Liberals have spent much of the last few years lamenting the death of bipartisanship and placing all of the blame for this problem on House Republicans. But with Congress preparing to take up the issue of President Obama’s Iran nuclear deal when it returns from its spring recess next week, it is Senate Democrats who are giving us an example of partisan politics at its absolute worst. As Politico reports, the overwhelming bipartisan majority that has existed on behalf of both Iran sanctions and the right of Congress to perform its constitutional duty to advise and consent on treaties is being splintered by Democrats who are determined to do the president’s bidding. Some Democrats who are sponsors of the Corker-Menendez bill mandating a congressional vote on the Iran deal want to water it down with amendments that will turn the effort to hold the administration accountable into a farce.
Heading into the expected battle over the bill next week, supporters of Corker-Menendez believe they have 66 votes in their pockets with all 54 Republicans and 12 Democrats on record as supporting the legislation.
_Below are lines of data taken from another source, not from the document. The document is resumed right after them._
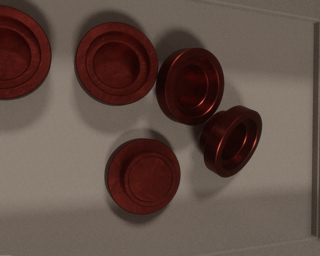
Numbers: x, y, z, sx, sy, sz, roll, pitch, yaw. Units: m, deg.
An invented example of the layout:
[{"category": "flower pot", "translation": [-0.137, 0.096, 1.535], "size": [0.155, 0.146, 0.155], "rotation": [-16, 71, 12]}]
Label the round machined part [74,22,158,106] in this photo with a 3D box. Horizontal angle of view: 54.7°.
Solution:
[{"category": "round machined part", "translation": [-0.055, -0.076, 0.382], "size": [0.099, 0.042, 0.097], "rotation": [0, 90, -21]}]

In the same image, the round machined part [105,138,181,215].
[{"category": "round machined part", "translation": [-0.018, 0.062, 0.396], "size": [0.099, 0.042, 0.097], "rotation": [0, 90, -21]}]

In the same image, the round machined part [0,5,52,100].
[{"category": "round machined part", "translation": [-0.171, -0.079, 0.338], "size": [0.099, 0.042, 0.097], "rotation": [0, 90, -21]}]

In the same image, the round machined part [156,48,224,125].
[{"category": "round machined part", "translation": [0.035, -0.055, 0.405], "size": [0.099, 0.042, 0.097], "rotation": [-9, 106, -34]}]

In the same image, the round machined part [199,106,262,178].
[{"category": "round machined part", "translation": [0.092, 0.015, 0.422], "size": [0.099, 0.042, 0.097], "rotation": [-24, 128, -34]}]
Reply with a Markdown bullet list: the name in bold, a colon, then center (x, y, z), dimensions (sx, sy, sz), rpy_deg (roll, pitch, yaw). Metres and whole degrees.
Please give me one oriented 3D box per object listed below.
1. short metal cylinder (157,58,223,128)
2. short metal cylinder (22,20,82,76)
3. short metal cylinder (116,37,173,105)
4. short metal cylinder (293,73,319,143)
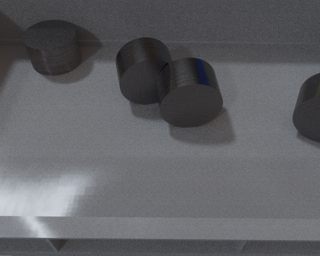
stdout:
- **short metal cylinder**: center (0.038, -0.045, 0.408), dimensions (0.081, 0.080, 0.050), rpy_deg (-3, 51, -3)
- **short metal cylinder**: center (-0.170, -0.129, 0.495), dimensions (0.081, 0.050, 0.080), rpy_deg (0, 50, 0)
- **short metal cylinder**: center (-0.019, -0.079, 0.435), dimensions (0.081, 0.080, 0.050), rpy_deg (-9, 51, -8)
- **short metal cylinder**: center (0.216, -0.025, 0.393), dimensions (0.080, 0.080, 0.050), rpy_deg (20, 53, 16)
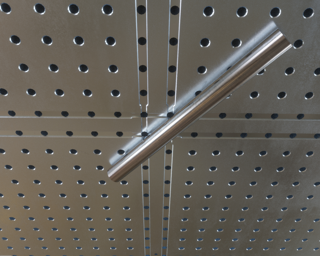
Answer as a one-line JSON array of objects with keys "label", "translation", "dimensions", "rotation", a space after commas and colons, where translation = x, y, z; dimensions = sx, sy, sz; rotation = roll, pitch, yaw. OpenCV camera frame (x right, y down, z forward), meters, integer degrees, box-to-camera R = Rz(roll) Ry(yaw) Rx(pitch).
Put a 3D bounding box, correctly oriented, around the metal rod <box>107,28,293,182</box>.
[{"label": "metal rod", "translation": [0.032, -0.013, 0.400], "dimensions": [0.025, 0.025, 0.299], "rotation": [35, 122, -26]}]
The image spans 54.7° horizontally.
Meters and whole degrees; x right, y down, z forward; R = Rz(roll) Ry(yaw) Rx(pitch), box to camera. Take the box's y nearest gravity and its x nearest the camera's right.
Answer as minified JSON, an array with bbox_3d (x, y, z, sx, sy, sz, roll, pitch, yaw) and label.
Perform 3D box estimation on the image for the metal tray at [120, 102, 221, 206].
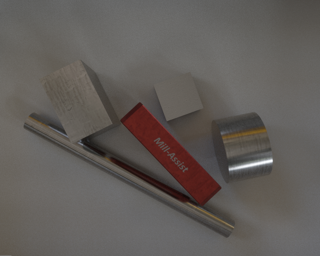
[{"bbox_3d":[0.012,0.029,0.377,0.030,0.090,0.130,-44,91,0],"label":"metal tray"}]

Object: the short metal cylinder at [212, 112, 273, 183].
[{"bbox_3d":[0.099,0.024,0.384,0.050,0.080,0.080,-12,90,1],"label":"short metal cylinder"}]

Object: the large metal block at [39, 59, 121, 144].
[{"bbox_3d":[-0.093,-0.029,0.381,0.050,0.080,0.080,-26,90,0],"label":"large metal block"}]

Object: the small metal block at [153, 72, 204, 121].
[{"bbox_3d":[0.024,-0.040,0.409,0.050,0.025,0.050,-20,90,-1],"label":"small metal block"}]

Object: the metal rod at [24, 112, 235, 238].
[{"bbox_3d":[-0.039,0.062,0.410,0.301,0.025,0.025,29,90,-1],"label":"metal rod"}]
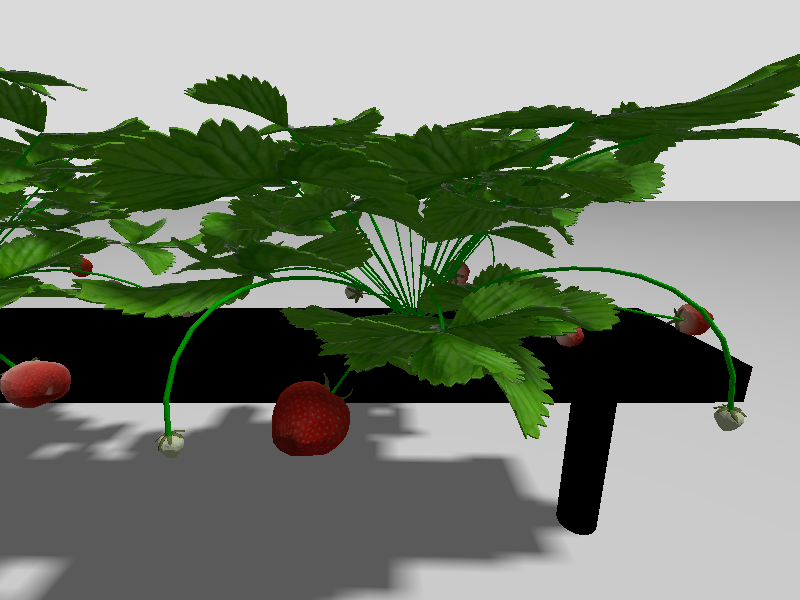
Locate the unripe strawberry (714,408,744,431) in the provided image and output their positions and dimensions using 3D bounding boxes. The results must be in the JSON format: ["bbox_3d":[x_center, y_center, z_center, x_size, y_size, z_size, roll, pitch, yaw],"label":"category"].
[{"bbox_3d":[0.156,0.057,0.190,0.010,0.011,0.011,-12,20,-36],"label":"unripe strawberry"}]

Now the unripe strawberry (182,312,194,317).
[{"bbox_3d":[-0.214,0.005,0.409,0.025,0.024,0.023,-1,16,-11],"label":"unripe strawberry"}]

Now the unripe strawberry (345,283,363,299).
[{"bbox_3d":[-0.054,-0.011,0.470,0.022,0.019,0.022,-10,18,-32],"label":"unripe strawberry"}]

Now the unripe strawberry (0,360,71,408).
[{"bbox_3d":[-0.215,0.050,0.239,0.032,0.027,0.032,10,19,30],"label":"unripe strawberry"}]

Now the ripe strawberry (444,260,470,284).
[{"bbox_3d":[0.078,-0.037,0.541,0.034,0.036,0.037,5,16,18],"label":"ripe strawberry"}]

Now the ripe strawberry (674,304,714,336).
[{"bbox_3d":[0.266,0.018,0.361,0.029,0.028,0.027,1,16,2],"label":"ripe strawberry"}]

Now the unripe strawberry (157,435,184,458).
[{"bbox_3d":[-0.103,0.066,0.180,0.011,0.011,0.010,9,18,30],"label":"unripe strawberry"}]

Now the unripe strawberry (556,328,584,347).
[{"bbox_3d":[0.140,0.029,0.328,0.021,0.022,0.019,22,21,13],"label":"unripe strawberry"}]

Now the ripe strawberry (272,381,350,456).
[{"bbox_3d":[-0.046,0.059,0.196,0.039,0.033,0.039,5,17,18],"label":"ripe strawberry"}]

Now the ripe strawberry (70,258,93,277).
[{"bbox_3d":[-0.468,-0.048,0.591,0.028,0.029,0.030,-2,7,-8],"label":"ripe strawberry"}]

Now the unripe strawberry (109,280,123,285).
[{"bbox_3d":[-0.350,-0.016,0.493,0.018,0.019,0.019,10,18,32],"label":"unripe strawberry"}]

That’s just one vote short of a veto-proof majority that would ensure that Congress would be able to vote on the Iran deal rather than let the president adopt it unilaterally. Unlike the Kirk-Menendez bill proposing increased sanctions on Iran in the event of the failure of the diplomatic process, which has lost momentum as a series of American concessions led to an agreement, Corker-Menendez has always had near across-the-board backing. Not many congressional Democrats were inclined to speak up against a measure that merely asserts the legislative branch’s right to exercise its constitutional responsibilities on foreign treaties. Nor are many of the 12 Democratic co-sponsors backing down on that point. But they also appear to be wiling to gut the bill in order to stay on good terms with the White House.
As I noted earlier this week, Democratic Senate leader-in-waiting Chuck Schumer is walking a fine line between his obligation to do the president’s dirty work and his reputation as a supporter of Israel. He appears to have resolved that conflict for the moment by choosing to stick to his principles rather than the president and reaffirmed his support for Corker-Menendez. But given the delicate maneuvering going on in the Democratic caucus right now, it’s reasonable to think that he might be encouraging others to refuse to back the measure or, even worse, those among his co-sponsors who want to water it down to the point where it would be an exercise in futility.
The White House has indicated that it could live with a purely symbolic vote on the deal. Of course it would. But accepting only a non-binding vote on the most significant foreign agreement struck by the United States in more than a generation is a bit much even for many Democrats. Nor is Republican Bob Corker, the Senate Foreign Relations Committee chair who is clearly less than enthusiastic about confronting the president, prepared to see his handiwork reduced to a joke. So instead some Democrats are preparing amendments that would do the same thing.
Delaware Senator Chris Coons has filed an amendment that would strip the bill of its provision requiring the administration to certify that Iran isn’t directly involved in terror attacks against the United States. Connecticut’s Chris Murphy has also filed an amendment to allow the president to lift existing sanctions on Iran without an enabling vote by Congress in order to get Iran to agree to a final written version of the deal.
These two Democrats are claiming that they are still supporting the bill and the principle of legislative review of the deal, but the substance of their proposals would help strip it of any meaning. Do Americans really want their government to stop caring if the world’s leading state sponsor of terror is plotting against Americans? Do they want to give the president the power to act on his own to give an economic bonanza to a tyrannical and aggressive Islamist regime? These measures not only give Obama dictatorial powers on Iran but also would enable the administration to downgrade efforts to hold the entire process accountable. They may be helped immeasurably in this scheme by the replacement of embattled Senator Bob Menendez—a fierce opponent of Obama’s push for détente with Iran—by Ben Cardin—a dependable administration loyalist—as the ranking member of the Foreign Relations Committee.
They’re being aided in this effort by the fact that the new GOP majority in the Senate is determined to play fair in a way that their Democratic counterparts did not during their time in control of the upper body. Corker has vowed to have an open amendment process in committee and Senate Majority Leader Mitch McConnell has similarly promised to follow his Democratic predecessor Harry Reid’s practice of preventing the minority from proposing amendments on the floor once the bill gets out of committee. That will mean that Corker-Menendez could be crippled by amendments from both open opponents and those, like Coons and Murphy, who purport to be its supporters.
The bottom line here is that with each passing day, the odds of a clean bill emerging with the 67 votes needed to ensure that it will become law may be decreasing. If that is the case the fault lies entirely with senators who are talking out of both sides of their mouths when it comes to the Iran nuclear threat and the Constitution. The only hope of providing some accountability to a diplomatic process that has achieved success only by a procession of humiliating retreats by the president is the passage of a bill that will force a real debate and vote on the deal. Though liberals have been telling us that the country is sick of crooked congressional maneuvers, it is the Senate Democrats who giving us a lesson in how low they can sink in order to please the head of their party.